Aguirre has always been good at drawing readers in and making them feel like they are part of the story. In this case – a post-apocalyptic zombie-infested world – being a part of it was honestly the last thing I wanted to do. I had a hollow, sick feeling the whole time I was reading it because there were so many awful things happening. I’ve read plenty of gruesome, gory, and disturbing novels in the past but apparently have never read one written engagingly enough to ruin my day. I’ll grudgingly admit that’s actually a great thing from the author’s standpoint – her writing is nothing if not evoking. Even so, there were actually a couple more concrete reasons why Outpost wasn’t my favorite.

Most of those reasons revolve around story structure and plot decisions. The middle novel in a trilogy is usually where momentum starts to build towards some overall story arc. In Outpost, the story kind of just strolled along, maintaining a fairly narrow focus. Never throughout it did I feel like Aguirre was working towards anything in specific and therefore got kind of bored without anything broader conflicts driving the story (there were many excellent, often emotional narrow conflicts, but I feel as though the story could’ve been much stronger with both). Because the characters didn’t have anything to strive for other than just plain survival, it kind of left me feeling like there was no hope. In the first one, they at least had a brighter future to look forward to, but I missed having even a hint of that here.

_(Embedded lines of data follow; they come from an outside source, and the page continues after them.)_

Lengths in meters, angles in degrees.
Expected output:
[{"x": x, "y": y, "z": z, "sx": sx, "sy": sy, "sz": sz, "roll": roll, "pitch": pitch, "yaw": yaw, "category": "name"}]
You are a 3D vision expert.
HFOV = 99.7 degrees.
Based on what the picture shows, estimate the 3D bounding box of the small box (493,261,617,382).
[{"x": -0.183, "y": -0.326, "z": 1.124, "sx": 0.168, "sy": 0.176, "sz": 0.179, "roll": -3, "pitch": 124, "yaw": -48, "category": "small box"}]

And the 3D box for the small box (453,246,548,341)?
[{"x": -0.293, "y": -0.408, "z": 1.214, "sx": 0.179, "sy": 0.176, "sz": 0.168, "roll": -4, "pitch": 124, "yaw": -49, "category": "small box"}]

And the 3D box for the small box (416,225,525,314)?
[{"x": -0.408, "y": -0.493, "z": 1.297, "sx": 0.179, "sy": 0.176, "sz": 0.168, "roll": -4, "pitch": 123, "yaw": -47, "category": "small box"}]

If I do read on, it will be for love of the characters. I mentioned in my review of Enclave (and probably every other Aguirre review I’ve done) that this author is a master of profound characters. The main protagonists, Deuce, is a wonderfully complicated character because she’s trying to fit in a world much different from the one she grew up in. Not once did Deuce behave untrue to herself in order to fit the mold of a typical teen heroine, and I thought she was absolutely charming. I’m inclined to compare her to Katniss, but I feel that would do Deuce a disservice – she stands strong on her own and didn’t in any way feel like a knockoff. And her conflicts were compelling – she thought about things so differently than I would that it was completely fascinating. Throughout the story, she remained true to her roots while still managing to grow beyond them and adapt – it was awesome.

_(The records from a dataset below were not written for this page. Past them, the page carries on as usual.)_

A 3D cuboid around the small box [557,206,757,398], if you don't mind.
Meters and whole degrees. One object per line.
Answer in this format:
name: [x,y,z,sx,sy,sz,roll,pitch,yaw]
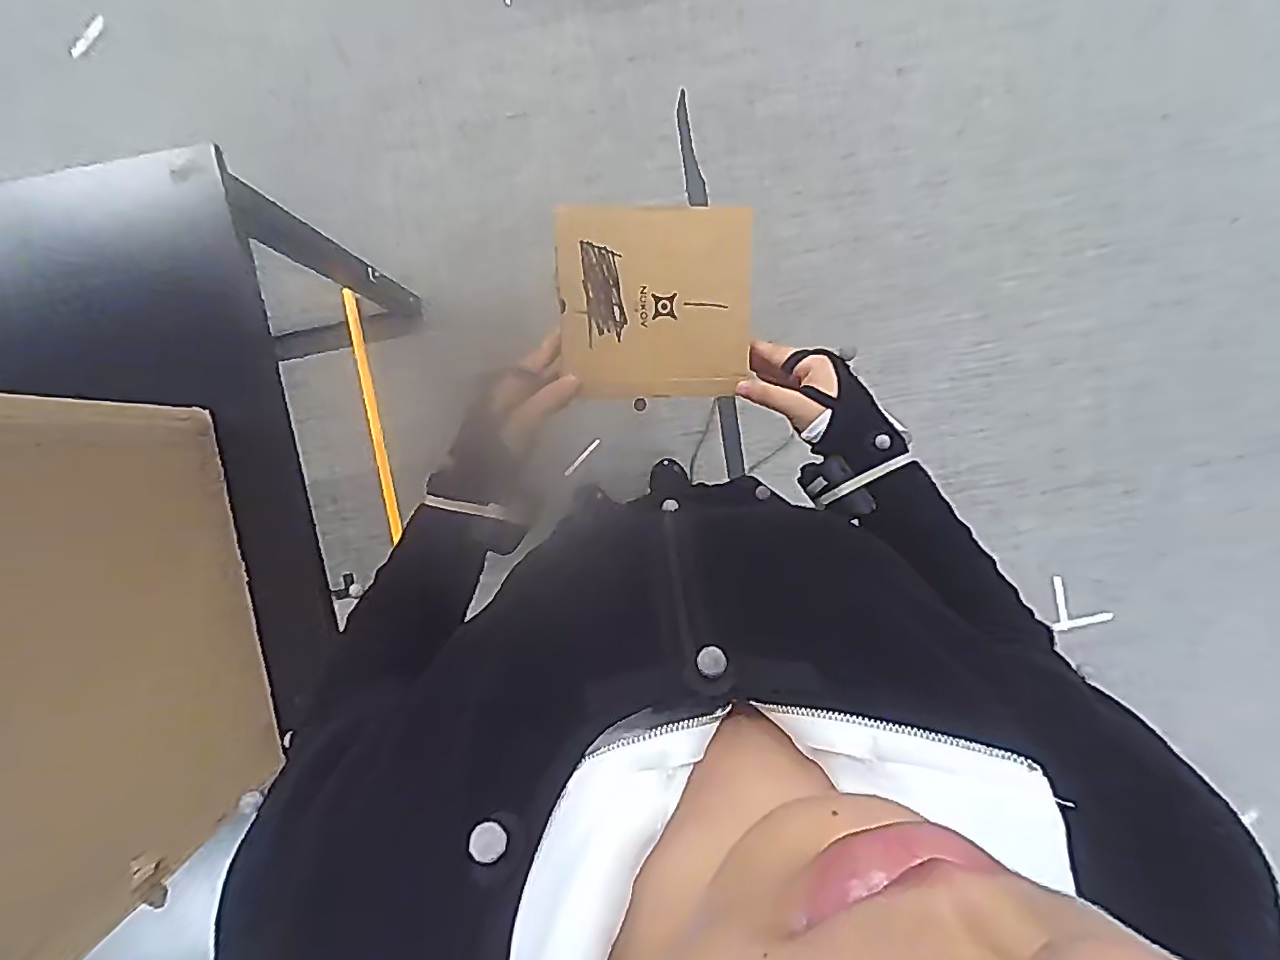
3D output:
small box: [0.013,-0.169,0.558,0.179,0.176,0.168,-2,101,-4]

I should acknowledge that up until Outpost I had been reading dystopian after dystopian for several months running and was on the verge of getting burnt out in the genre. Let’s face it, they are not exactly what you call “uppers.” Outpost was sort of the last straw, convincing me that I needed to read something else for a while. Even so, I am fairly certain I will pick up the final book, Horde, if for nothing else than my love of the main character… Maybe not for a few months though – I still get depressed just thinking about this book.

Recommended Reading: I would suggest this to people who love zombie stories and teen books with an edge. Even though I’m most definitely not on the zombie bandwagon, I think others who are would really enjoy Aguirre’s take on them.